#### Exercise goal:
The full listing, word for word and free of images, is the expected result.

#### Dataset extract:
○ ○ ○ ○ ○ ○ ○

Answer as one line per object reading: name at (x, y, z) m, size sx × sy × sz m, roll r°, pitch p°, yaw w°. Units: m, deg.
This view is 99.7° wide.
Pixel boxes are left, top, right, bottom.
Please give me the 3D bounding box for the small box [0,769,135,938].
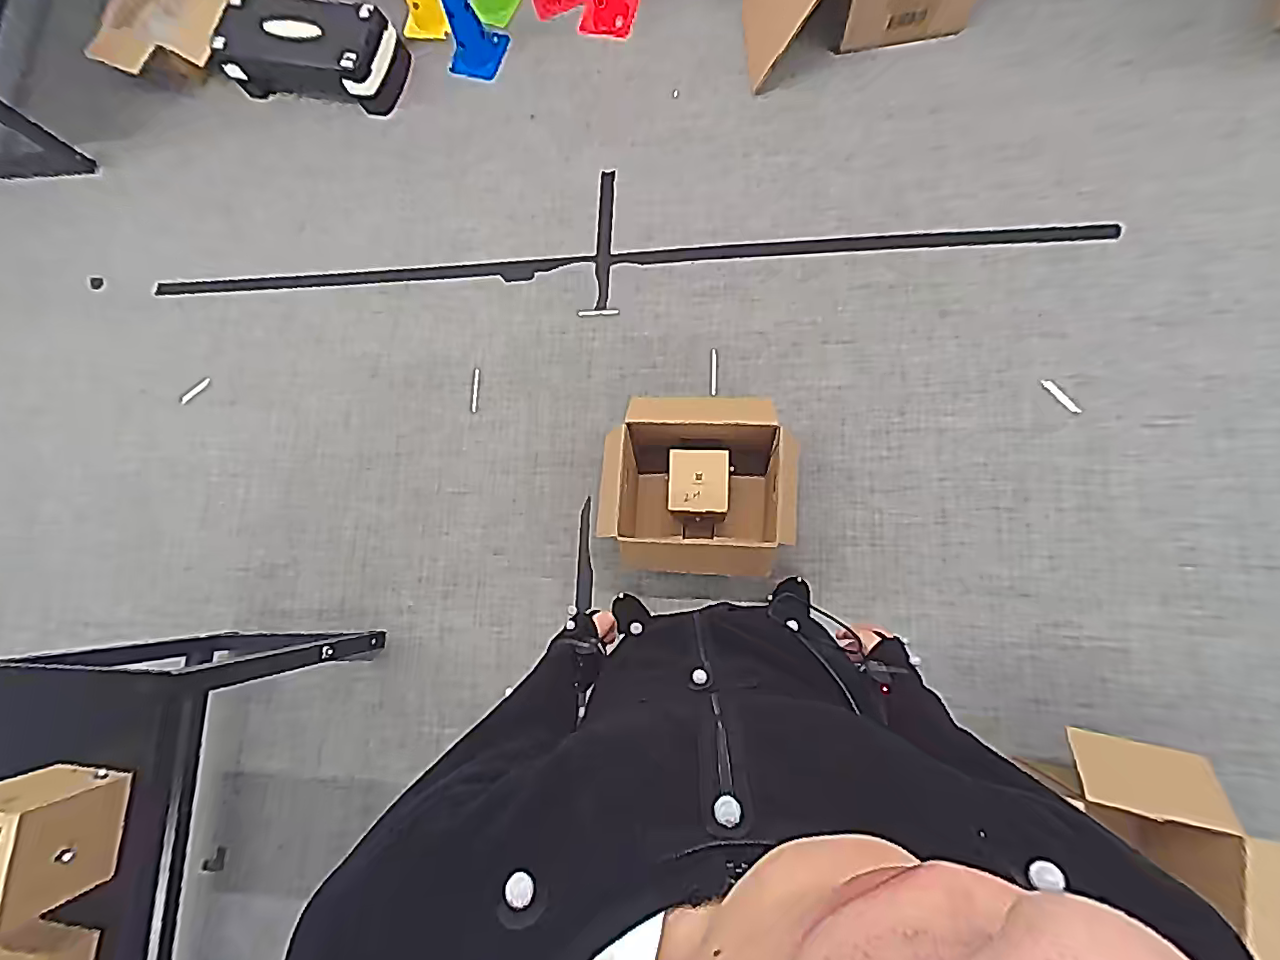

○ ○ ○ ○ ○ ○ ○

#### Solved problem:
Answer as one line per object reading: name at (x, y, z) m, size sx × sy × sz m, roll r°, pitch p°, yaw w°. Units: m, deg.
This view is 99.7° wide.
Pixel boxes are left, top, right, bottom.
Please give me the 3D bounding box for the small box [0,769,135,938].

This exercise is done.